◆ Exercise goal ◆
An exact copy of all the data is the expected answer.

START Raw data

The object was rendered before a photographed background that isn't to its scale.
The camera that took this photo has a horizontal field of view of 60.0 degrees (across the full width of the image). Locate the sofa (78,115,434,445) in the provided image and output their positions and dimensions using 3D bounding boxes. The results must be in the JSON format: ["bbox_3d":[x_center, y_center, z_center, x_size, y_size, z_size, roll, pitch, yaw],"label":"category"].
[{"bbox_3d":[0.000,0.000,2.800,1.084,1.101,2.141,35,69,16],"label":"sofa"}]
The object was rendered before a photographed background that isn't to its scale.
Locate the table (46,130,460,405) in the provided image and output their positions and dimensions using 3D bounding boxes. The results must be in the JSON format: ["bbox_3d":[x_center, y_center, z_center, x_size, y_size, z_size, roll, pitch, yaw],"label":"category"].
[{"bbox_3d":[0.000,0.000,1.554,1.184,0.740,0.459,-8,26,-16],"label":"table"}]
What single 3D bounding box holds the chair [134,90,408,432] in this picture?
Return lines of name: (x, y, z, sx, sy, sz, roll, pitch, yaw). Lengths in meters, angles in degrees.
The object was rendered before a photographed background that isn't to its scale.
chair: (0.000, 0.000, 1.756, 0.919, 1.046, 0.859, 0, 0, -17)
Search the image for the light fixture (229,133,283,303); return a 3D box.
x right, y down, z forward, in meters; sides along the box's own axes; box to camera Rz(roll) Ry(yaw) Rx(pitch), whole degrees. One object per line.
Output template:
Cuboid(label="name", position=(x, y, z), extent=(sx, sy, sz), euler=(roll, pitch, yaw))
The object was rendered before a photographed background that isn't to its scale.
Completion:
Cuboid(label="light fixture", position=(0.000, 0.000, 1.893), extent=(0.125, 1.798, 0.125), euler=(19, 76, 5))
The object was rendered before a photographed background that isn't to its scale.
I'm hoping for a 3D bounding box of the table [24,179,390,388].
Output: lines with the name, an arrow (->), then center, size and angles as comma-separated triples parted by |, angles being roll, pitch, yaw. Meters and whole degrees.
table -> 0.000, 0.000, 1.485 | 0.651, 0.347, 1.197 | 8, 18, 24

END Raw data

◆ Solution below ◆
The object was rendered before a photographed background that isn't to its scale.
The camera that took this photo has a horizontal field of view of 60.0 degrees (across the full width of the image). Locate the sofa (78,115,434,445) in the provided image and output their positions and dimensions using 3D bounding boxes. The results must be in the JSON format: ["bbox_3d":[x_center, y_center, z_center, x_size, y_size, z_size, roll, pitch, yaw],"label":"category"].
[{"bbox_3d":[0.000,0.000,2.800,1.084,1.101,2.141,35,69,16],"label":"sofa"}]
The object was rendered before a photographed background that isn't to its scale.
Locate the table (46,130,460,405) in the provided image and output their positions and dimensions using 3D bounding boxes. The results must be in the JSON format: ["bbox_3d":[x_center, y_center, z_center, x_size, y_size, z_size, roll, pitch, yaw],"label":"category"].
[{"bbox_3d":[0.000,0.000,1.554,1.184,0.740,0.459,-8,26,-16],"label":"table"}]
What single 3D bounding box holds the chair [134,90,408,432] in this picture?
Return lines of name: (x, y, z, sx, sy, sz, roll, pitch, yaw). Lengths in meters, angles in degrees.
The object was rendered before a photographed background that isn't to its scale.
chair: (0.000, 0.000, 1.756, 0.919, 1.046, 0.859, 0, 0, -17)
Search the image for the light fixture (229,133,283,303); return a 3D box.
x right, y down, z forward, in meters; sides along the box's own axes; box to camera Rz(roll) Ry(yaw) Rx(pitch), whole degrees. One object per line.
Output template:
Cuboid(label="name", position=(x, y, z), extent=(sx, sy, sz), euler=(roll, pitch, yaw))
The object was rendered before a photographed background that isn't to its scale.
Completion:
Cuboid(label="light fixture", position=(0.000, 0.000, 1.893), extent=(0.125, 1.798, 0.125), euler=(19, 76, 5))
The object was rendered before a photographed background that isn't to its scale.
I'm hoping for a 3D bounding box of the table [24,179,390,388].
Output: lines with the name, an arrow (->), then center, size and angles as comma-separated triples parted by |, angles being roll, pitch, yaw. Meters and whole degrees.
table -> 0.000, 0.000, 1.485 | 0.651, 0.347, 1.197 | 8, 18, 24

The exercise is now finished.